Implementation of the Double Metaphone phonetic encoding algorithm.
use Doublephone; say double-metaphone("SMITH"); # (SM0 XMT) say double-metaphone("SMIHT"); # (SMT XMT)
This implements the Double Metaphone algorithm which can be used to match similar sounding words. It is an improved version of Metaphone (which in turn follows on from soundex,) and was first described by Lawrence Philips in the June 2000 issue of the C/C++ Users Journal.
It differs from some other similar algorithms in that a primary and secondary code are returned which allows the comparison of words (typically names,) with some common roots in different languages as well as dealing with ambiguities. So for instance "SMITH", "SMYTH" and "SMYTHE" will yield (SM0 XMT) as the primary and secondary, whereas "SCHMIDT", "SCHMIT" will yield (XMT SMT) so if a "cross language" comparison is required then either of the primary or secondary codes can be matched to the target primary or secondary code - this will also deal with, for example, transpositions in typed names.
This is basically a Raku binding to the original C implementation I extracted from the Perl 5 Text::DoubleMetaphone.
The algorithm itself isn't designed for unicode strings and making something that is is probably best left to another module using a different technique.
Though this is described as a "phonetic" encoding it is only approximately so, rather it is optimised for comparison and not as a guide to how something might be pronounced.
If you have a working installation of Rakudo with
zef installed then you should be able to install this with either:
zef install Doublephone # or from a local clone zef install .
Though other installers may become available that should work equally.

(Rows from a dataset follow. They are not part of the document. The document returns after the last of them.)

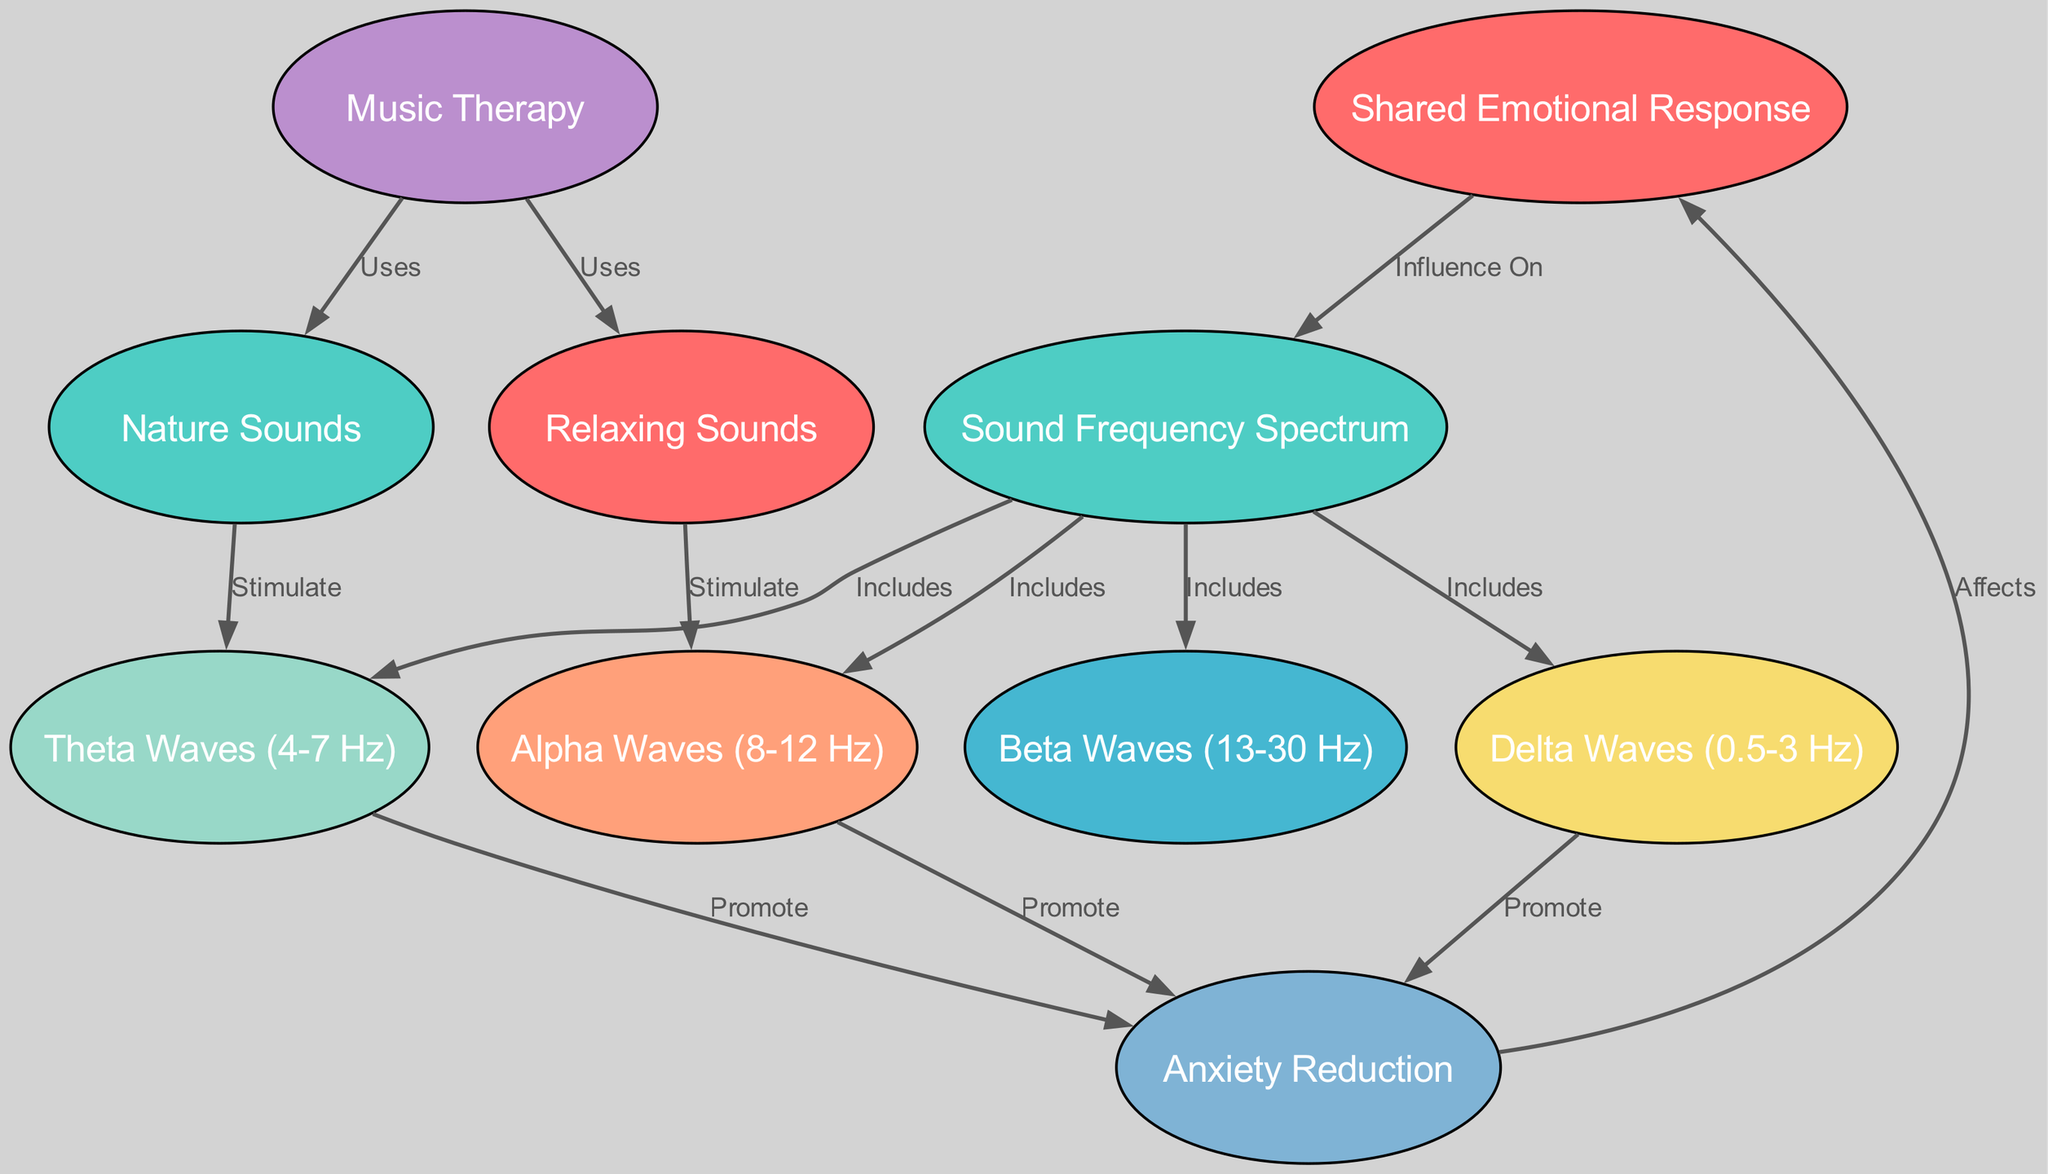What is the node that represents a Shared Emotional Response? The diagram includes a node labeled "Shared Emotional Response" which stands as a central theme connecting various aspects of sound frequencies and their influence.
Answer: Shared Emotional Response How many types of waves are included in the sound frequency spectrum? The diagram shows four specific types of waves: beta waves, alpha waves, theta waves, and delta waves. Thus, counting these gives us four distinct types of waves included in the sound frequency spectrum.
Answer: Four Which sound type stimulates alpha waves? The diagram indicates a direct relationship where "Relaxing Sounds" are stated to stimulate alpha waves; this arises from the use of relaxing sounds in music therapy.
Answer: Relaxing Sounds What effect do alpha, theta, and delta waves collectively promote? According to the diagram, all three wave types (alpha, theta, delta) promote "Anxiety Reduction," indicating their role in easing anxiety.
Answer: Anxiety Reduction What do nature sounds stimulate according to the diagram? The diagram explicitly mentions that "Nature Sounds" stimulate theta waves, creating a connection between nature sounds and this specific brain wave frequency.
Answer: Theta Waves How does anxiety reduction affect patient emotions? The diagram specifies that anxiety reduction has a direct effect on patient emotions, thus establishing a connection between reduced anxiety levels and improved emotional states.
Answer: Affects Which two sound types are mentioned as part of music therapy? The diagram indicates that music therapy uses both "Relaxing Sounds" and "Nature Sounds," providing two distinct categories of sound used for therapeutic purposes.
Answer: Relaxing Sounds and Nature Sounds What is the frequency range for delta waves? The delta waves represented in the diagram have a frequency range of 0.5 to 3 Hz, indicating their position in the overall frequency spectrum.
Answer: 0.5-3 Hz Which two frequencies included in the spectrum are most associated with relaxation? The diagram associates alpha waves and theta waves as the frequencies most directly connected to anxiety reduction and by extension, relaxation.
Answer: Alpha Waves and Theta Waves

Almost all of the functionality of this is in the C library which has a fairly long heritage, so is less likely to be buggy than the way in which I am using it. Please feel free to report any bugs/send patches or just make suggestions to https://github.com/jonathanstowe/Doublephone/issues
I would also like more tests for the correct output if anyone finds a good data source for these.
Licence and Copyright
This is free software, please see the LICENCE file in the distribution.
© Jonathan Stowe, 2016 - 2021
The C portions from Text::DoubleMetaphone have the following copyright text:
Copyright 2000, Maurice Aubrey email@example.com. All rights reserved.
This code is based heavily on the C++ implementation by Lawrence Philips and incorporates several bug fixes courtesy of Kevin Atkinson firstname.lastname@example.org.
This module is free software; you may redistribute it and/or modify it under the same terms as Perl itself.